Occasional Full-Sync actually causes Sync-Loss with 2/4 slots (Chroma29)
xsrf opened this issue · 15 comments
Hey,
I just noticed that the occasional full-sync (which is a Wake-Up phase followed by longer sync pulses on the configured channel) actually causes a loss of sync for the Chroma29 (and others, I guess).
The full-sync switches to the wake-up channel for 16s. If only 2 or 4 slots are used, labels in sync will actually miss enough sync pulses to fall back to the wake-up channel. However, they will only start listening to the wake-up channel 15s after the fall-back. When they do, the full-sync is already back on the configured channel, so the label won't wake up again.
I've also noticed that labels go back in sync on their own after ~15-30min. I guess they are listening to their configured channel periodically and looking for syncs.
So the occasional full-sync may not really be necessary.
With 8/16/32 slots it's not really a problem because they won't miss 3 syncs in 16s and thus stay in sync.
Thanks for that,
it could actually be removed and it sounds very plausible.
Another solution is to calculate the max missed sync better
Here for New method:
https://github.com/atc1441/E-Paper_Pricetags/blob/main/Custom_PriceTag_AccesPoint/ESP32_Async_PlatformIO/RFV3/mode_wun_activation.h#L125
And here for the old one:
https://github.com/atc1441/E-Paper_Pricetags/blob/main/Custom_PriceTag_AccesPoint/ESP32_Async_PlatformIO/RFV3/mode_activation.h#L179
I've set int rounds_to_resync = INT_MAX;
for now to basically disable the automatic sync.
I also found that running the longer sync pulses increases the chance that a label recovers from wake-up channel.
Interestingly, while a longer sync-pulse shows up in the power draw of the label, it won't always recover to sync.
just checked the calculation of the max missed syncs, it should not interrupt the sync
lets say we have 2 slots, so max missed is 60/2 = 30. which would be equivalent to 60 seconds of missed sync
The full sync will be handled differently as the displays know that its a full sync with the Periods per slot setting
its just the question how it will handle it differently.
the automatic sync is also used in the stock software, and it needs to be possible to do so if some display is not contactable.
Only the Chroma29 is making problems with loosing the sync,
on the other displays the sync will still be there also after a full sync/wakeup
The Sync is lost because the occasional wake-up stops all syncs on the regular channel for 15s.
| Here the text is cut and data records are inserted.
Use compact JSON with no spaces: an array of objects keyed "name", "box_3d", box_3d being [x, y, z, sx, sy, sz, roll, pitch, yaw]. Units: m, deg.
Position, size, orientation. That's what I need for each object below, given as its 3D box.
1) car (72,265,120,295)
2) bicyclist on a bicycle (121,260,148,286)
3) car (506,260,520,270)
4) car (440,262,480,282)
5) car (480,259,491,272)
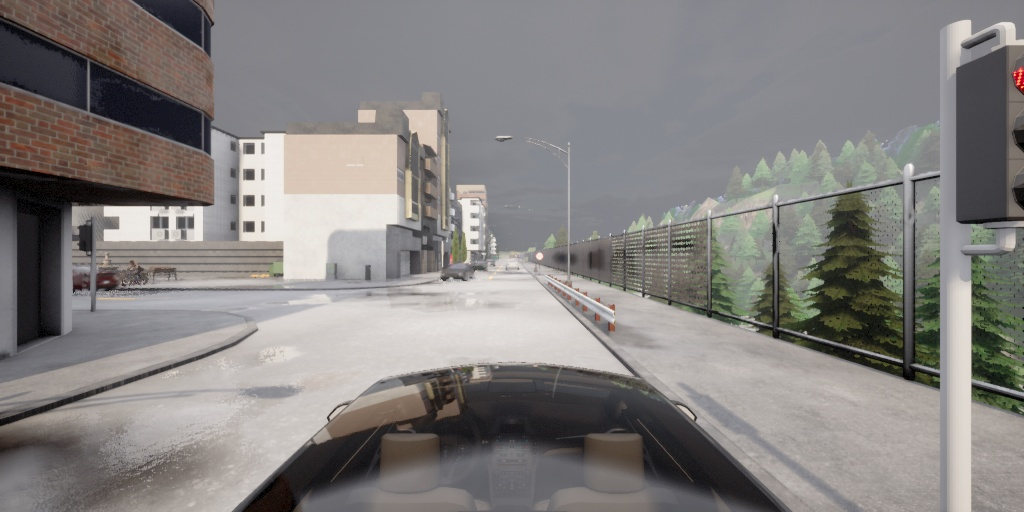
[{"name":"car","box_3d":[-23.751,1.227,18.836,5.008,1.535,1.882,0,0,0]},{"name":"bicyclist on a bicycle","box_3d":[-24.284,1.099,23.067,0.582,1.620,1.656,0,0,0]},{"name":"car","box_3d":[0.083,1.275,53.850,1.812,1.442,4.674,0,0,0]},{"name":"car","box_3d":[-4.310,1.297,29.263,2.033,1.411,5.357,0,0,4]},{"name":"car","box_3d":[-4.100,1.350,44.855,1.895,1.301,4.718,0,0,0]}]

The Chroma29 drops out when it misses 3 Syncs in a row.
The full sync is fine for displays already in sync.
i understand, but it should only drop out when not receiving syncs for about 60 seconds.
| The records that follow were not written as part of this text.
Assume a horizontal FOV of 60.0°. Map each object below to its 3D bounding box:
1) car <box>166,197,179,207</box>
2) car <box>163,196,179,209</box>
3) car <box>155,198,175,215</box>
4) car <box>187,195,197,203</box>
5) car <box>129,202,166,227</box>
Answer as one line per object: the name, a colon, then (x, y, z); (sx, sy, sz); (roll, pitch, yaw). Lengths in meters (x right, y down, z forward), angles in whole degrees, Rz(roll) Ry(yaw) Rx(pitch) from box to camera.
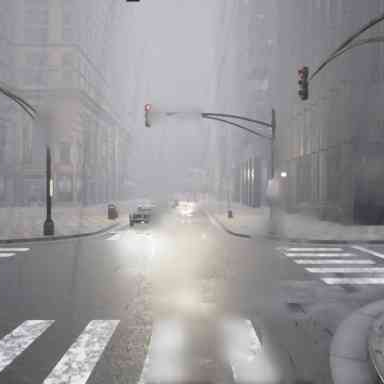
car: (-3.076, 1.531, 53.187); (1.812, 1.442, 4.674); (0, 0, 0)
car: (-3.115, 1.354, 43.146); (2.097, 1.767, 4.553); (0, 0, 0)
car: (-3.108, 1.564, 33.144); (1.994, 1.385, 4.181); (0, 0, 0)
car: (0.068, 1.366, 69.674); (2.097, 1.767, 4.553); (0, 0, 0)
car: (-3.110, 1.601, 23.201); (1.895, 1.301, 4.718); (0, 0, 0)
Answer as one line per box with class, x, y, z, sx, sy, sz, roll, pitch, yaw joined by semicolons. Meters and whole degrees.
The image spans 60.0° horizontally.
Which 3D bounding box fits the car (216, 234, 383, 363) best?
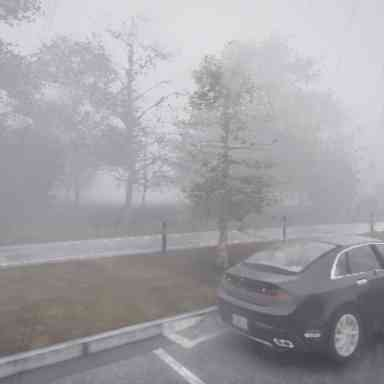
car;2.697;1.489;5.821;4.892;1.521;2.231;0;-3;-32
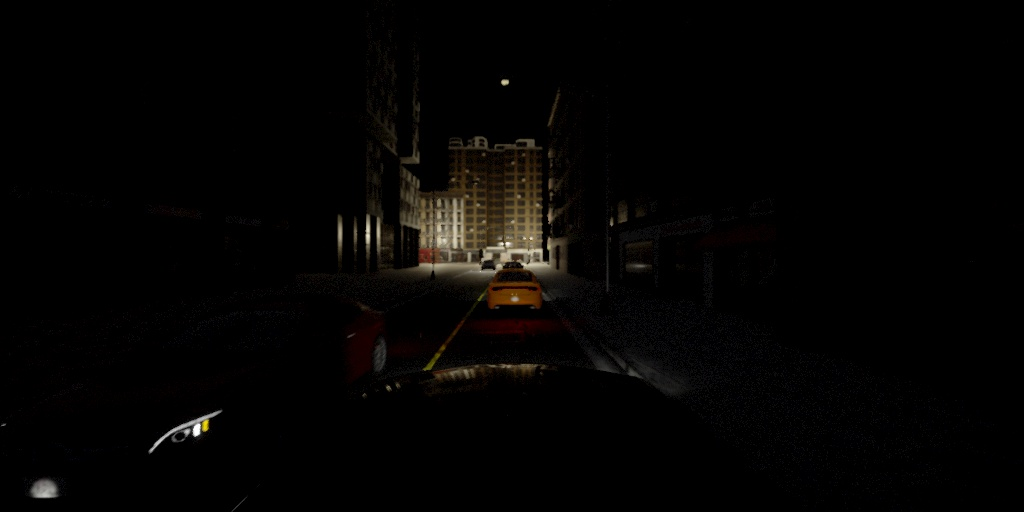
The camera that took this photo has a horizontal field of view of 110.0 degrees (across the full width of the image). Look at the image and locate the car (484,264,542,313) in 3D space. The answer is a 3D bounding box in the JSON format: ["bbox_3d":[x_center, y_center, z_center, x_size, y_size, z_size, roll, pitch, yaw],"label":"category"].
[{"bbox_3d":[0.094,1.235,13.979,1.882,1.535,5.008,0,0,0],"label":"car"}]

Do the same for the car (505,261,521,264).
[{"bbox_3d":[0.081,1.220,32.095,1.882,1.535,5.008,0,0,0],"label":"car"}]

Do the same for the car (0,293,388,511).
[{"bbox_3d":[-3.102,1.278,4.711,1.812,1.442,4.674,0,0,0],"label":"car"}]

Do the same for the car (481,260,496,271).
[{"bbox_3d":[-3.111,1.243,47.913,1.812,1.442,4.674,0,0,0],"label":"car"}]
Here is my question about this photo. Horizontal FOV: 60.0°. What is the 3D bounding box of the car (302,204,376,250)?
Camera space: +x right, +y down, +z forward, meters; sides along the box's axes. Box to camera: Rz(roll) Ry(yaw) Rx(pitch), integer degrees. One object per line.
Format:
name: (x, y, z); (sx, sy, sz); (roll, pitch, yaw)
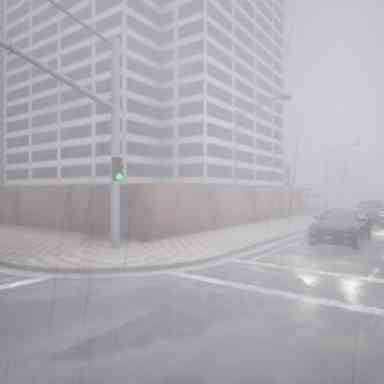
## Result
car: (6.602, 1.473, 14.658); (1.882, 1.535, 5.008); (0, 0, 35)

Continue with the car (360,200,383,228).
car: (12.167, 1.347, 22.534); (2.097, 1.767, 4.553); (0, 0, 35)
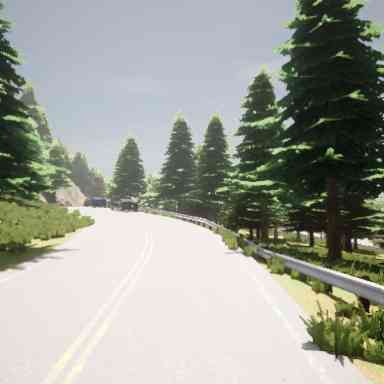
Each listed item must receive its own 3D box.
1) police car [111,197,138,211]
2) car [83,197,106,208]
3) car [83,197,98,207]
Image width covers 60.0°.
[{"bbox_3d":[-8.195,1.427,39.910,1.930,1.638,5.238,3,-1,-33],"label":"police car"},{"bbox_3d":[-13.806,1.437,47.931,1.882,1.535,5.008,3,-2,-30],"label":"car"},{"bbox_3d":[-16.229,1.698,52.985,1.812,1.442,4.674,2,-4,-21],"label":"car"}]
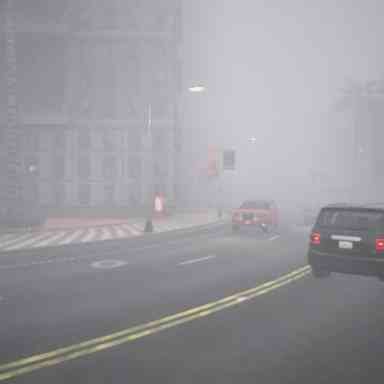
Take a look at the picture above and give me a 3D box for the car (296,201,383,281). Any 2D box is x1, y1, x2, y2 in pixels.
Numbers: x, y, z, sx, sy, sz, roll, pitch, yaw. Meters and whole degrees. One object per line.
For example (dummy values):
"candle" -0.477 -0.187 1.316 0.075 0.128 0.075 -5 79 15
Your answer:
"car" 5.268 1.333 9.803 2.150 2.045 5.566 0 0 39

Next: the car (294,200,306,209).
"car" 18.625 2.137 55.941 1.812 1.442 4.674 0 -1 -1

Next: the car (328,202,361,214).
"car" 19.793 2.042 43.376 1.994 1.385 4.181 0 -1 -9

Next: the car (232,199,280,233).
"car" 4.328 1.459 21.827 2.150 2.045 5.566 0 -1 24

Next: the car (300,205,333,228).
"car" 9.619 1.834 26.022 2.033 1.411 5.357 0 -1 16

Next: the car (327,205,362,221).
"car" 14.683 1.957 32.293 1.895 1.301 4.718 0 -1 8
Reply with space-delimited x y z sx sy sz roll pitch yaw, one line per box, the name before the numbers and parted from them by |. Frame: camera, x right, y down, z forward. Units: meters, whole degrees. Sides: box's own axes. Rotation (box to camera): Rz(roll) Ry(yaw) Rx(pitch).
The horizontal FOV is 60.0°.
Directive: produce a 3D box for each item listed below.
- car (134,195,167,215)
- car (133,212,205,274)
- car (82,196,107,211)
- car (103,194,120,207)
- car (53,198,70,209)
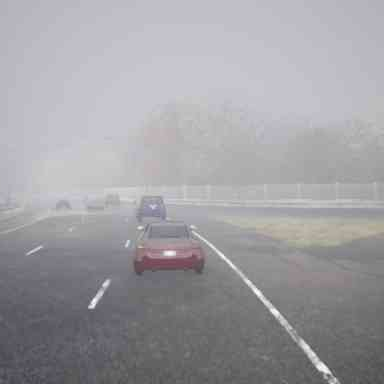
car | -3.387 1.245 26.662 2.150 2.045 5.566 0 0 -13
car | -0.797 1.571 10.655 1.994 1.385 4.181 0 0 -6
car | -12.666 1.627 42.906 1.994 1.385 4.181 0 0 -23
car | -12.562 1.288 50.798 2.150 2.045 5.566 0 0 -27
car | -18.088 1.589 46.325 1.837 1.490 4.892 0 0 -26
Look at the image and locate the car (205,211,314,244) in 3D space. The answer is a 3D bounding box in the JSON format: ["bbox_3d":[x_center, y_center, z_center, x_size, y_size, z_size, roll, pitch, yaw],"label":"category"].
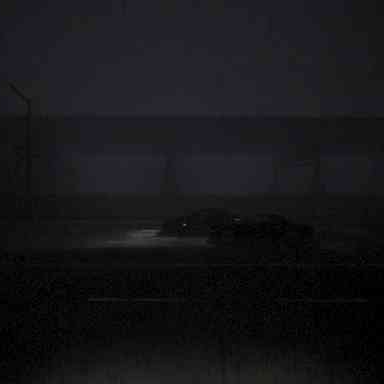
[{"bbox_3d":[3.160,1.711,15.882,4.718,1.301,1.895,0,0,0],"label":"car"}]

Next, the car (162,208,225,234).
[{"bbox_3d":[0.605,1.656,19.388,4.674,1.442,1.812,0,0,0],"label":"car"}]
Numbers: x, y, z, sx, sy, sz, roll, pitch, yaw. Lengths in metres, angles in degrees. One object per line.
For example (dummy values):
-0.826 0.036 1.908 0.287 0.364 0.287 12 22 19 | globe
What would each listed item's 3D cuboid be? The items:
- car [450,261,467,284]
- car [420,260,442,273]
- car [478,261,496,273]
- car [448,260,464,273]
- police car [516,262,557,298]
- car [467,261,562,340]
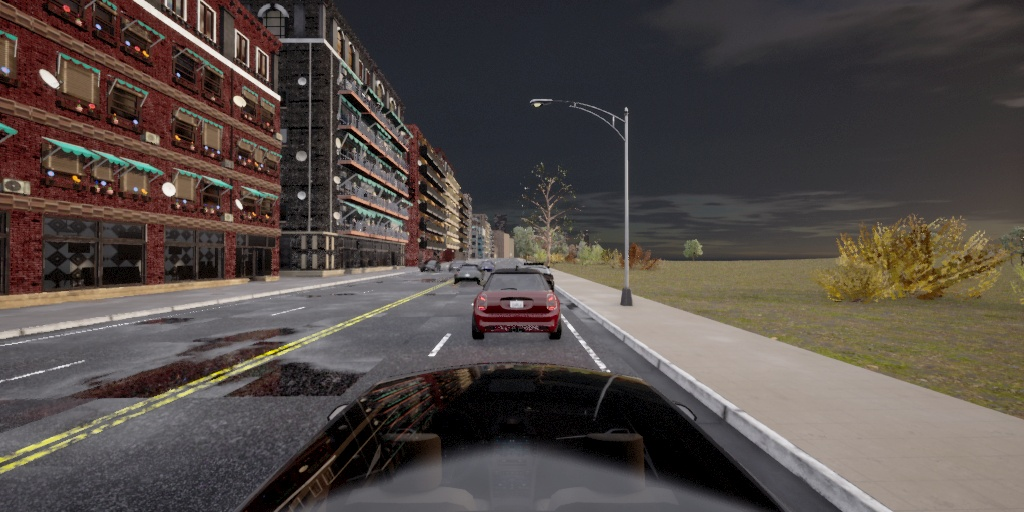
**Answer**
-3.092 1.315 26.861 1.994 1.385 4.181 0 0 0 | car
-9.754 1.256 43.311 1.837 1.490 4.892 0 0 0 | car
-3.048 1.314 44.878 1.994 1.385 4.181 0 0 0 | car
-6.503 1.243 43.556 2.128 1.511 4.902 0 0 0 | car
1.177 1.177 19.666 1.930 1.638 5.238 0 0 0 | police car
0.114 1.103 10.170 2.097 1.767 4.553 0 0 0 | car

and this is done like this on the stock firmware as well.
there is definitely a bug for why it looses the sync it is just the question what it is,
the stock sets the max sync periods to 0x06 with 16 slots. so 106 seconds
I've got only the current draw as indicator, but the Chroma29 switches to 15s wake-up interval when it misses 3 syncs, regardless of being 2 slots or 16 slots configuration.
When I then start the long/full sync (not wu - I've changed the button so it skips wu) it sometimes comes back:
(2 slots configuration)
But some times it won't come back in sync, despite it clearly received something...
Found the issue ;)
get_num_slots()
returns always 16 in the activation process and thus calculates to 3. temp_num_slots
should be what you expected here.ohh yes !
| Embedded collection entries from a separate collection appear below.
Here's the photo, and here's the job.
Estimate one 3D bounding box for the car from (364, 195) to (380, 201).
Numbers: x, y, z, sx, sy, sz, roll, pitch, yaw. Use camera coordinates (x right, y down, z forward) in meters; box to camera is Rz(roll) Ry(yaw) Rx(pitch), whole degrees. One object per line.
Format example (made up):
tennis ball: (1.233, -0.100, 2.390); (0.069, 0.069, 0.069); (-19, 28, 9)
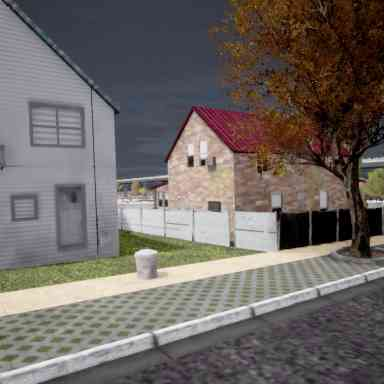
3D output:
car: (31.967, 1.846, 61.764); (2.033, 1.411, 5.357); (-2, 0, 0)

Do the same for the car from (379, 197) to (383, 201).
car: (28.481, 1.779, 45.689); (1.882, 1.535, 5.008); (-2, 0, 1)

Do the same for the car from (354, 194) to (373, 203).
car: (38.569, 1.440, 74.916); (2.097, 1.767, 4.553); (-2, 0, 0)

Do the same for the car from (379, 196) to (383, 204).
car: (38.485, 1.600, 64.514); (1.837, 1.490, 4.892); (-2, 0, 0)

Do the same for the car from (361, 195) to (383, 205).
car: (35.235, 1.577, 64.828); (2.097, 1.767, 4.553); (-2, 0, 0)
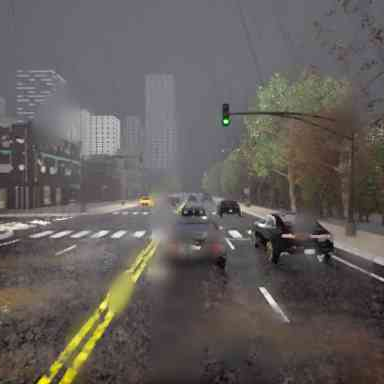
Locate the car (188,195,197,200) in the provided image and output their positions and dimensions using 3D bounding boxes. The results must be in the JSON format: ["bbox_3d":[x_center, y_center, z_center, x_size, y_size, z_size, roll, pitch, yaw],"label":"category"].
[{"bbox_3d":[0.064,1.430,72.415,1.882,1.535,5.008,0,0,0],"label":"car"}]

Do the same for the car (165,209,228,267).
[{"bbox_3d":[0.110,1.543,11.321,2.033,1.411,5.357,0,0,0],"label":"car"}]

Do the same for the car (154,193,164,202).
[{"bbox_3d":[-6.453,1.185,64.279,2.150,2.045,5.566,0,0,0],"label":"car"}]

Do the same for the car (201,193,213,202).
[{"bbox_3d":[3.314,1.177,72.443,2.150,2.045,5.566,0,0,0],"label":"car"}]

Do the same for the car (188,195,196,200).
[{"bbox_3d":[0.074,1.338,82.835,1.994,1.385,4.181,0,0,0],"label":"car"}]

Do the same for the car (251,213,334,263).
[{"bbox_3d":[3.362,1.487,11.895,2.128,1.511,4.902,0,0,0],"label":"car"}]

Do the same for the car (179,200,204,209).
[{"bbox_3d":[0.127,1.589,28.074,1.895,1.301,4.718,0,0,0],"label":"car"}]

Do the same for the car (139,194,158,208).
[{"bbox_3d":[-6.534,1.454,48.578,1.882,1.535,5.008,0,0,0],"label":"car"}]

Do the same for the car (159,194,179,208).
[{"bbox_3d":[-3.287,1.454,48.413,1.882,1.535,5.008,0,0,0],"label":"car"}]

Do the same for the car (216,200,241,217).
[{"bbox_3d":[3.378,1.464,31.391,1.882,1.535,5.008,0,0,0],"label":"car"}]

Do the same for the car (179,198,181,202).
[{"bbox_3d":[-3.211,1.529,63.854,1.994,1.385,4.181,0,0,1],"label":"car"}]

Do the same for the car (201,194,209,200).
[{"bbox_3d":[3.324,1.309,82.832,1.812,1.442,4.674,0,0,0],"label":"car"}]
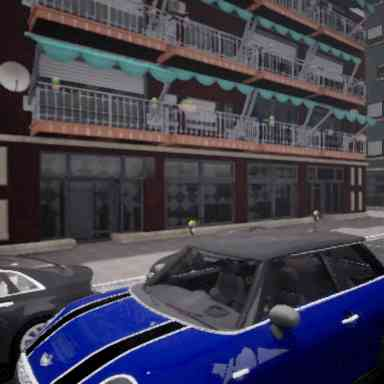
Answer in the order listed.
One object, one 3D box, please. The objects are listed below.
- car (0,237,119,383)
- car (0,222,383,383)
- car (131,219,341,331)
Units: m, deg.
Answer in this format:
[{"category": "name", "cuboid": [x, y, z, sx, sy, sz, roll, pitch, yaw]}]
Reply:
[{"category": "car", "cuboid": [-3.391, 1.556, 4.139, 4.403, 1.369, 2.008, -1, 1, -36]}, {"category": "car", "cuboid": [0.539, 1.321, 3.764, 4.553, 1.767, 2.097, -1, 0, -36]}, {"category": "car", "cuboid": [1.117, 1.489, 7.356, 4.403, 1.369, 2.008, -1, 1, -36]}]

Will upload a fixed version just now
Played around with the new activation a bit today,
as it is basically a full synced communication i added a full sync before trying to activate the display. it looks like it works way more often now.
also i changed the activation to only 4 slots and to a higher Frequency as most people will use freq 0 already.
Still have a problem on the normal mode to get the Chroma29 to sync but we get there :D
I actually didn't quite get the real difference (and benefit) between the two activation methods...
The "old" activation tells a specific device to go to a configured channel. This message is broadcasted for 15s. The device will receive it and start listening on the requested channel 15s later. The broadcast contains no sync information, so the device doesn't know if it catched the start or the end of the 15s wake-up call. It needs to sync later and then you send it all the configuration data. correct?
The "new" activation tells all devices in range (listening to wu) to go to a configured channel. This message is broadcasted for 15s. The devices will receive it and start listening on the requested channel 15s later. They will listen for 1.2s in order to acquire sync. When they do, they are in sync and you can push configuration by addressing them with a display id derived from the last two bytes of the serial.
Both wake the devices and establish an intermediate communication channel. There you're able to persist the configuration.
The real difference is that the "new" one wakes all devices in range while the "old" one addresses a specific device. 🤔
you got that right,
the new method allows, as all not activated displays wake up, to configure a lot at once, the old method needs to wake up every display on its own, and now think about 20k displays need to be activated, the software will handle it both ways but the new method is way faster then.
Well, I have to correct myself... When the EPOP50 wakes up from a wake-up call it continues to listen until the wake-up call is finished. The Chroma29 however goes back to sleep and wakes up later. This means the EPOP50 actually does kind of sync during the wape-up call because it knows when it finished...
Correct
That is also the reason why the wakeup call can not be simply 50 seconds to habe better chances as then the displaya would stop listening as a timeout
Should this be fixed?
I'm observing a similar behavior (or could also be #15) with my Chroma29s:
- configured with 4 slots, just one display in use
- after activation everything works
- the next day, nothing works until I reboot the esp32
- I also don't see the occasional sync happening anymore, so maybe that's the culprit?